Libraries with an increased coverage and stranded layout were corrected by using Rcorrector [40] v1.0.4 with default settings and further used for de novo assembly with Trinity v2.8.4 [41] with default settings. 10 DAP- and 20 DAP-corrected stranded libraries were pooled together to increase the total coverage. The quality of the resulting assembly was assessed by aligning respective stranded libraries back to assemblies with bowtie2 v.2.3.5 [42], aligning assemblies against the Viridiplantae IPG database with BLAST [43], and testing for the benchmarking universal single-copy ortholog (BUSCO) content [44]. Assembly statistics were obtained with TrinityStats.pl support scripts from the Trinity package. Putative coding regions were extracted with TransDecoder [45] with a minimal length cutoff equal to 100 amino acids. Deduplication of joint assembly was based on the pipeline suggested by Alves-Carvalho et al. [46]. In brief, the assembly was filtered of contigs not containing open reading frames (ORFs), contigs less than 300 nt long, and contigs covered by respective ORFs by less than 30% with a custom Python script. Next, proteins encoded in extracted ORFs were clustered with CD-Hit [47] with an identity cutoff value equal to 0.9 to eradicate duplicates. Resulting transcriptome assembly was subject to quality and representation assessment, as described for initial assemblies. Finally, contigs were mapped to a recently published genome assembly of the ‘Caméor’ pea cultivar available at https://urgi.versailles.inra.fr/download/pea/ using minimap2 [48] v2.17-r941 in splice mode with a transcript strand-restricted search of splicing sites. A detailed quality assessment was obtained with rnaQUAST [49] v1.6.0.

2.4. Transcriptome Assembly Annotation

Most of the annotation was deduced with the Trinotate [50] pipeline, which encompasses several tools, including BLAST, HMMer 3 [51], TmHMM [52], and signalP [53]. BLASTP and BLASTX were run with the Viridiplantae-specific IPG database (6,959,975 entries total) with an E-value cutoff equal to 1 × 10−5. The rest of the Trinotate-incorporated tools were launched with default parameters.
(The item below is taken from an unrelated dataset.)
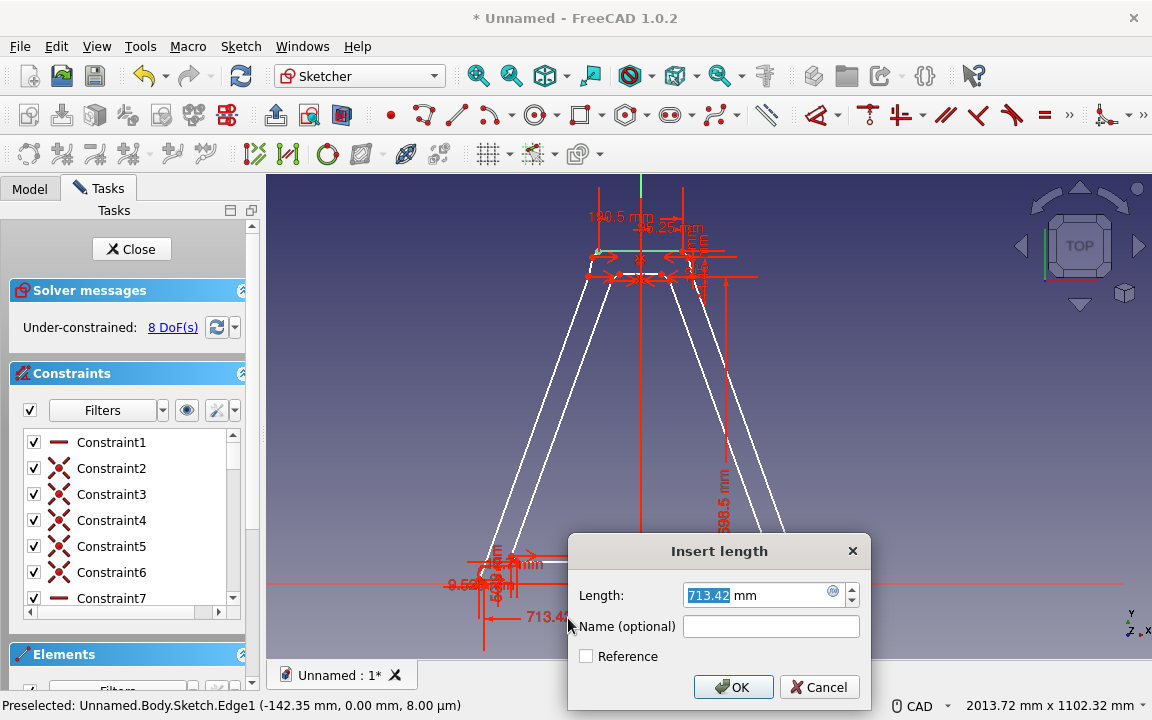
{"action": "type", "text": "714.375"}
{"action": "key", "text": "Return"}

MapMan annotation was performed independently by using the Mercator server [54], with Arabidopsis, Oryza, and Chlamydomonas databases as targets and blast cutoff of 80% of identity. KEGG terms were also deduced independently from Trinotate with the BLASTKoala server [55].
To increase the robustness of GeneOntology (GO) over-representation tests, the following steps were taken. First, non-redundant Pfam GO annotations were added to BLAST-deduced GO annotations. After that, eggNOG v4.5 [56] in diamond mode was launched against a protein FASTA file and resulting GO annotations were extracted. Finally, MapMan categories were translated into GO terms with a custom script and BIN2GO cross-mapping obtained from the MapMan official website.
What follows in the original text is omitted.